職人の技を、自分の目利きで人に伝えたい
町屋にニューヨーク直輸入の服を販売するメンズセレクトショップがあると聞き、訪問してみました! 今回伺ったのは、町屋駅から尾竹橋通りを北に10分ほど歩いた場所にあるお店、Atelier(アトリエ)です。
「ものづくりや職人が大好き」と語るのは、店主の遠藤 剛さん。大学を卒業後、職人が手掛けるアイテムの中でも特に好きだったアパレルの世界に足を踏み入れました。その情熱を会社に認められ、ニューヨークへの買い付けの機会を得ることに。
ニューヨークに魅了された遠藤さんはプライベートでも生産者を訪問し、その過程で買い付けの手応えを得たことから独立。2019年12月に荒川区町屋で今のお店をオープンしました。
「品質が高いのに知られていないものがあります。

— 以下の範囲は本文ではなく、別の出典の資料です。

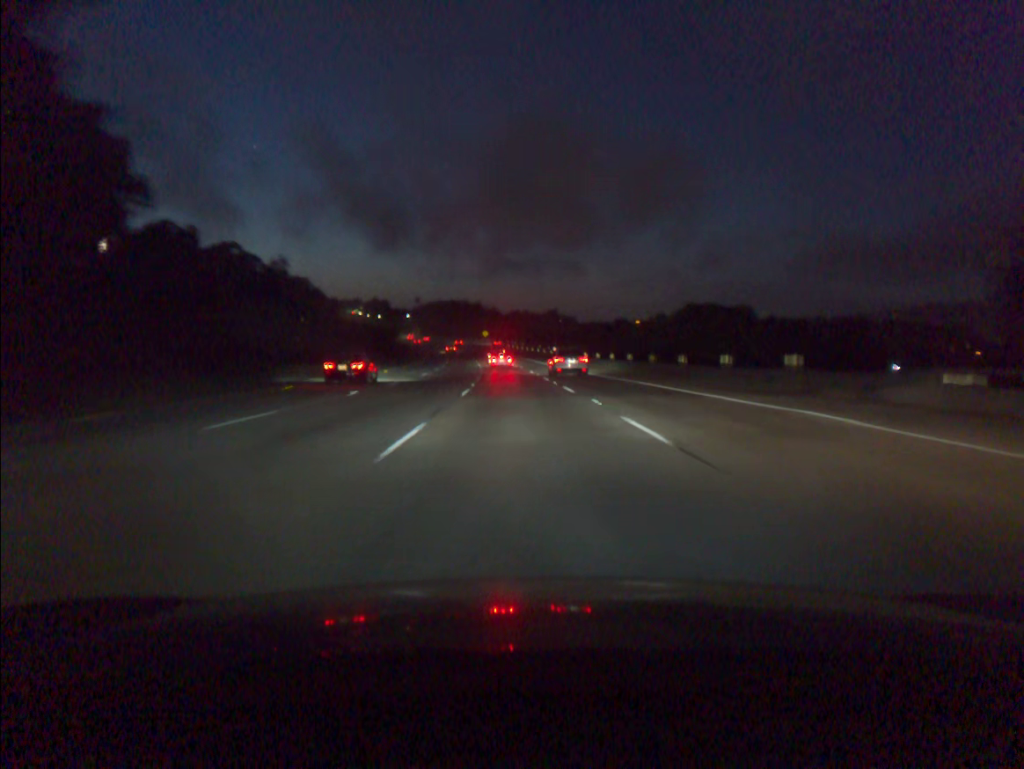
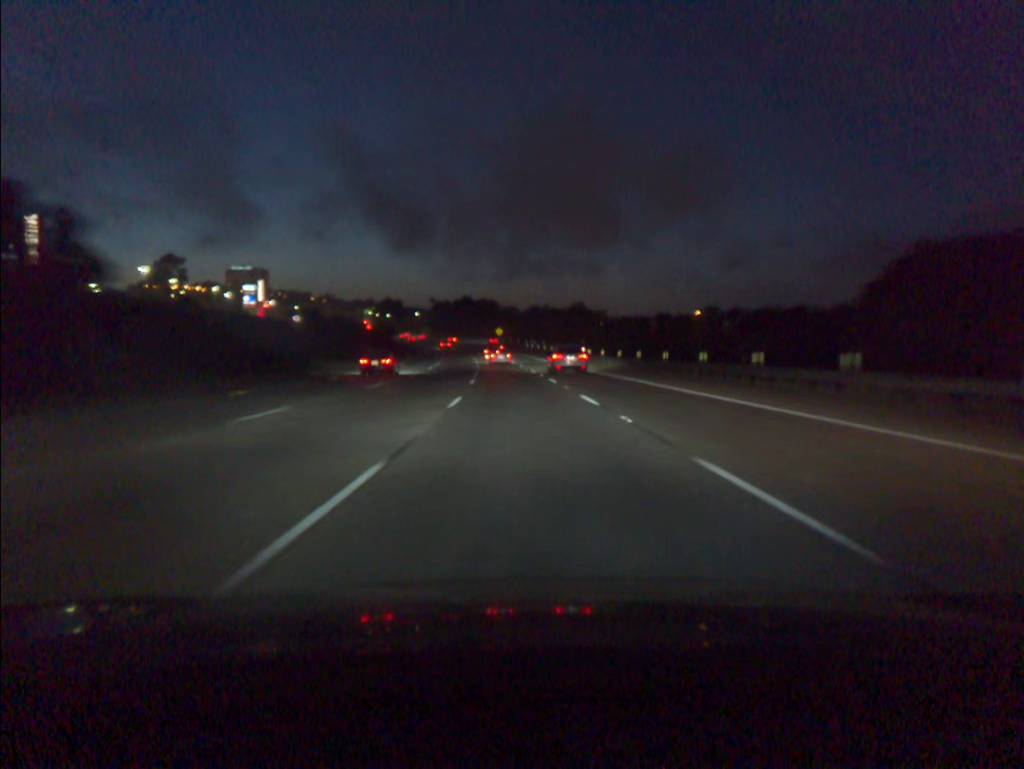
(-0.5, +34.7) m; -1°
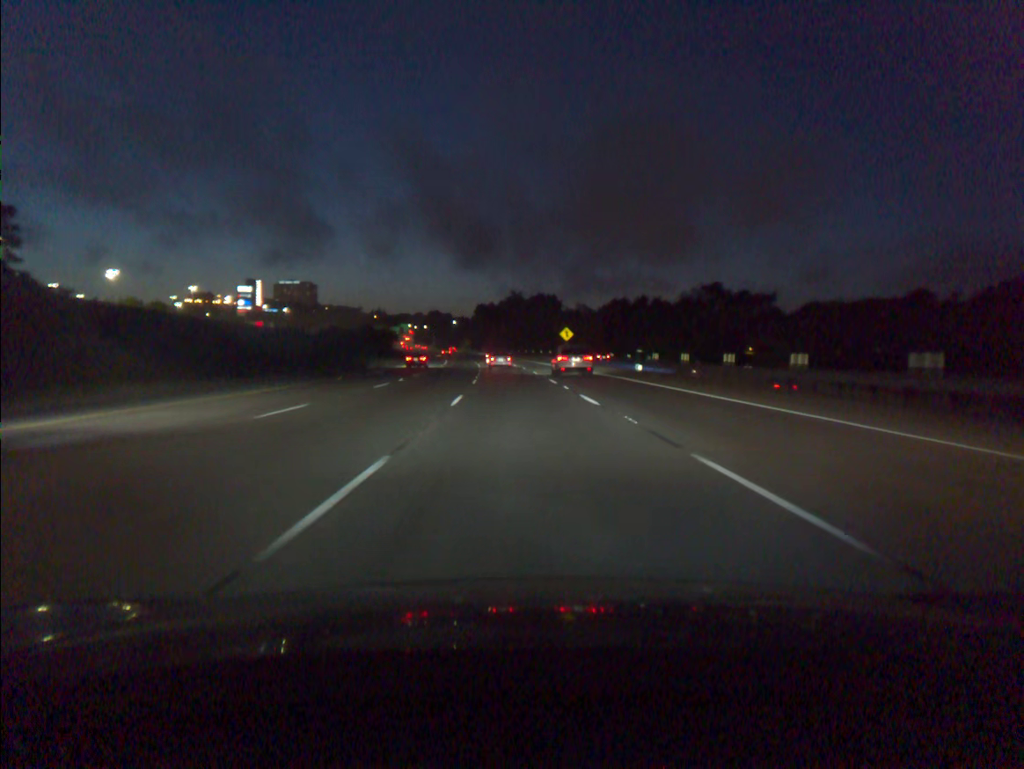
(-3.2, +86.9) m; -4°
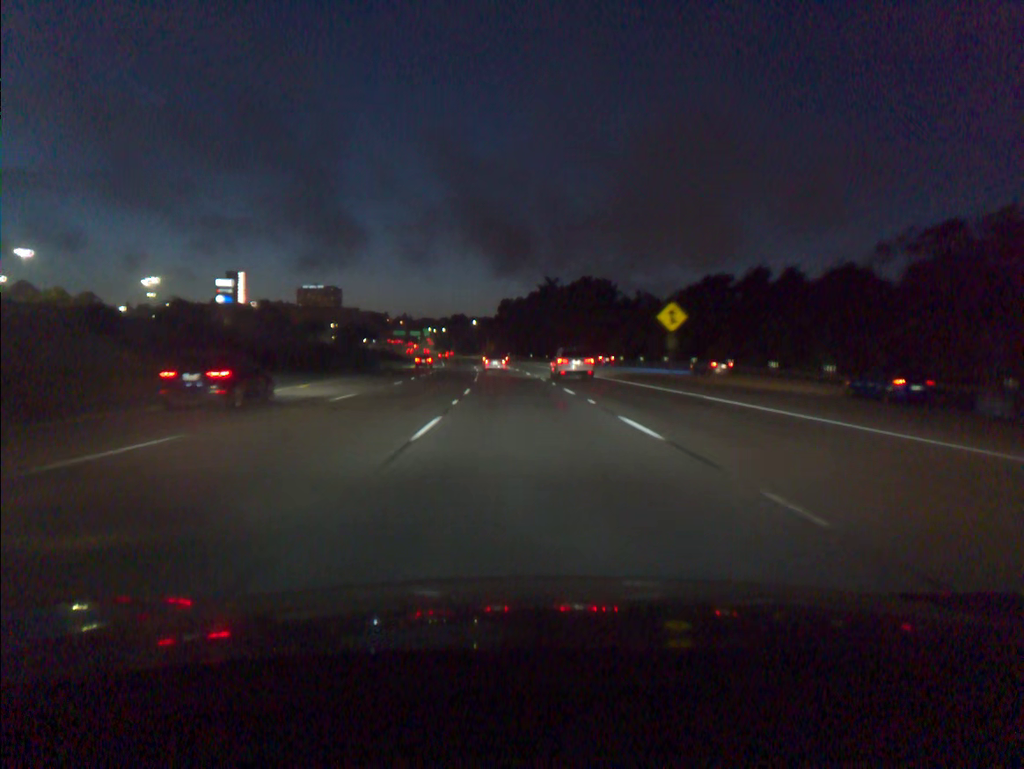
(-1.1, +51.7) m; -2°
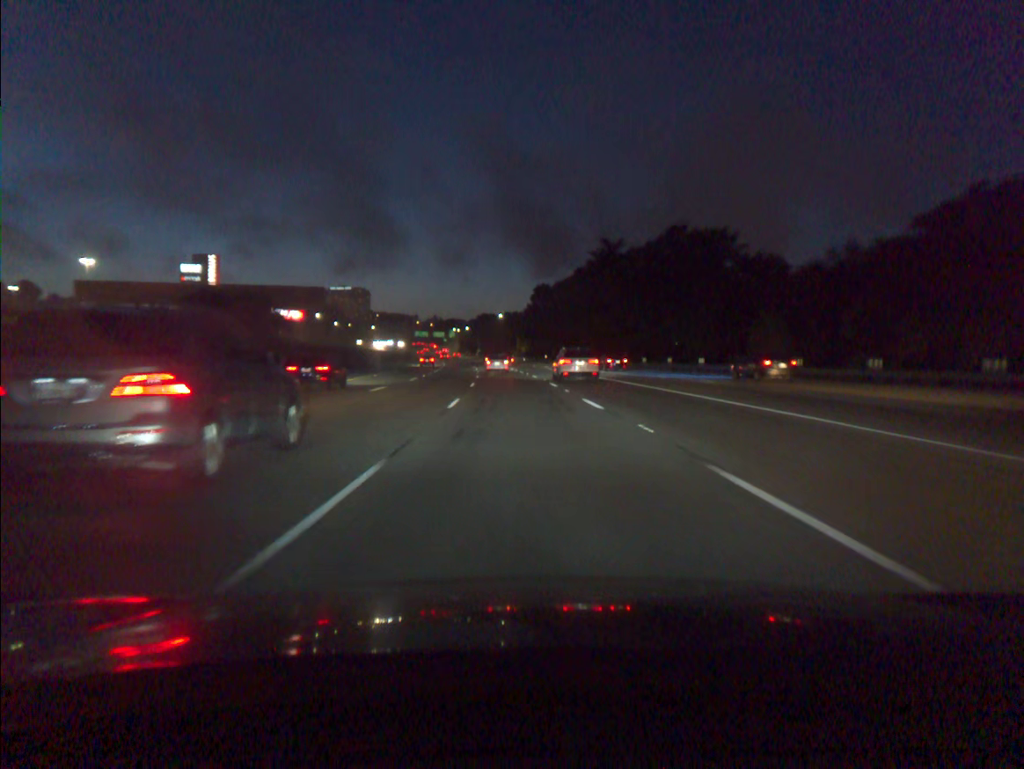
(-1.1, +51.2) m; -2°
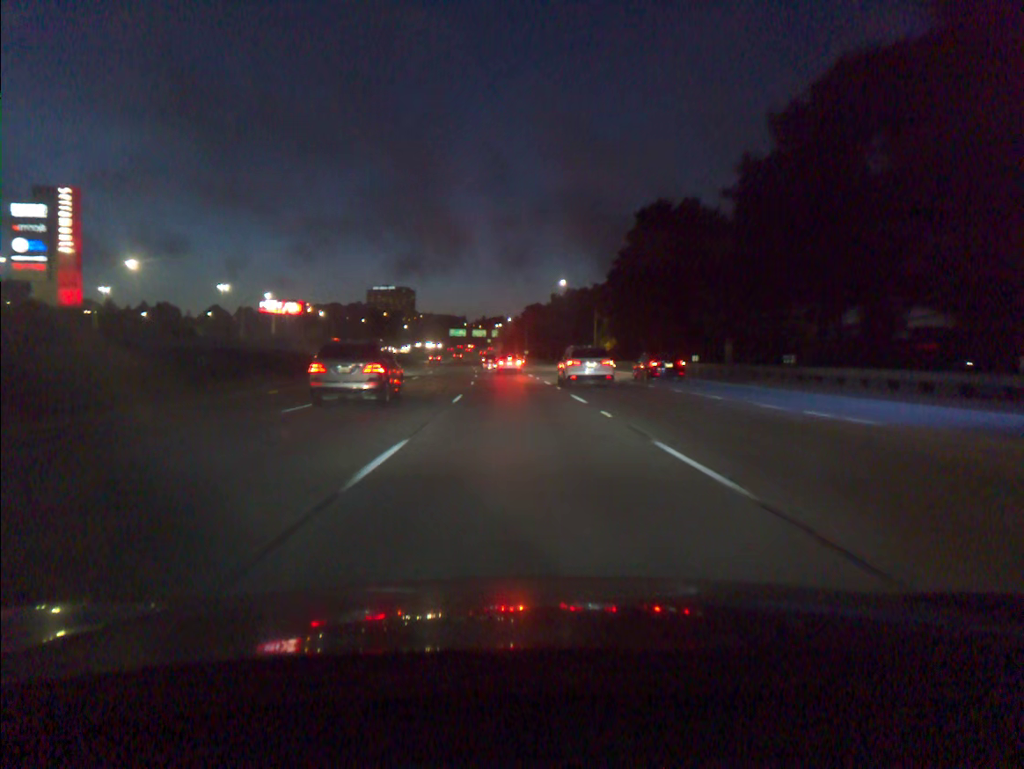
(-2.9, +84.9) m; -4°
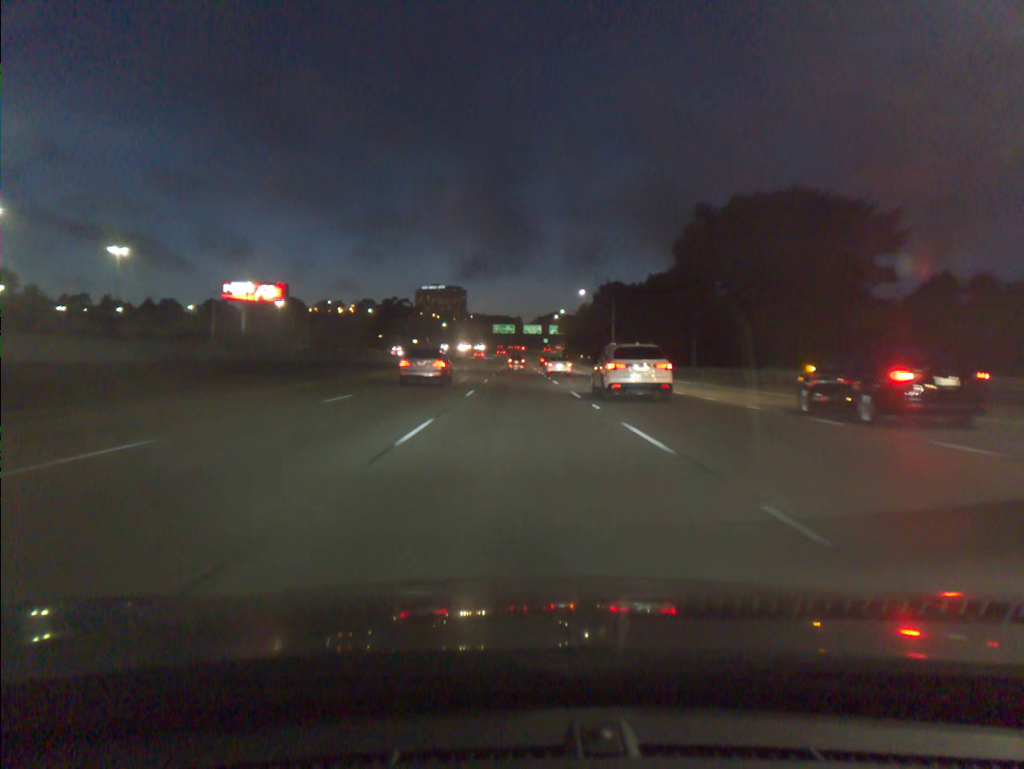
(-2.8, +84.1) m; -4°

実直にものづくりを続ける職人さんたちの作品を、多くの人に伝えられれば」という遠藤さん。つくり手のこだわりを伝える接客を求めて、Atelierにはファッション愛好家が足を運びます。
シルバーアクセサリーや鉄製家具……オリジナルアイテムの制作も
年4回も行っていたニューヨークへの買い付けは新型コロナウイルスの流行で難しくなりましたが、国内外の信頼できる生産者の衣料品や、質のいい古着をセレクト。現在ではオリジナル商品も販売しています。
さらにそのノウハウをもとに、お店のユニフォームなどTシャツ制作も請け負っているそう。デザインや数量によって少額からでもオーダー可能です。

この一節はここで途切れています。